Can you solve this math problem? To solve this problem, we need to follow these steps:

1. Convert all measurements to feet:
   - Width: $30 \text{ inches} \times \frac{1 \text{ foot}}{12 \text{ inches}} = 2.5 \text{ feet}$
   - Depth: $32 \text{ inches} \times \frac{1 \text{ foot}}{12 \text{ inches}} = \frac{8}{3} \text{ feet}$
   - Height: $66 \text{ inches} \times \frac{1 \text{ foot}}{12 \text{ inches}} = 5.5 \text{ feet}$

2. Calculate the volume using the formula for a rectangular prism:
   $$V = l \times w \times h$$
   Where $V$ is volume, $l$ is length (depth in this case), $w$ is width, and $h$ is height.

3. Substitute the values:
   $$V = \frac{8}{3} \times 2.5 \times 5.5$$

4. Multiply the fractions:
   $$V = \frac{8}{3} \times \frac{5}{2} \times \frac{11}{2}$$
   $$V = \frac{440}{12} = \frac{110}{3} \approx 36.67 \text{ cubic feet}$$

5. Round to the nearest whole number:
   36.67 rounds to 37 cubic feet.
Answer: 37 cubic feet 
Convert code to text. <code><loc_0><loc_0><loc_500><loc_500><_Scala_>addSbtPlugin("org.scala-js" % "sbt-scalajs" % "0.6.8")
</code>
━━━
Requirement:
Every line of the data is to be printed again exactly.

Reply:
Can you solve this math problem? To solve this problem, we need to follow these steps:

1. Convert all measurements to feet:
   - Width: $30 \text{ inches} \times \frac{1 \text{ foot}}{12 \text{ inches}} = 2.5 \text{ feet}$
   - Depth: $32 \text{ inches} \times \frac{1 \text{ foot}}{12 \text{ inches}} = \frac{8}{3} \text{ feet}$
   - Height: $66 \text{ inches} \times \frac{1 \text{ foot}}{12 \text{ inches}} = 5.5 \text{ feet}$

2. Calculate the volume using the formula for a rectangular prism:
   $$V = l \times w \times h$$
   Where $V$ is volume, $l$ is length (depth in this case), $w$ is width, and $h$ is height.

3. Substitute the values:
   $$V = \frac{8}{3} \times 2.5 \times 5.5$$

4. Multiply the fractions:
   $$V = \frac{8}{3} \times \frac{5}{2} \times \frac{11}{2}$$
   $$V = \frac{440}{12} = \frac{110}{3} \approx 36.67 \text{ cubic feet}$$

5. Round to the nearest whole number:
   36.67 rounds to 37 cubic feet.
Answer: 37 cubic feet 
Convert code to text. <code><loc_0><loc_0><loc_500><loc_500><_Scala_>addSbtPlugin("org.scala-js" % "sbt-scalajs" % "0.6.8")
</code>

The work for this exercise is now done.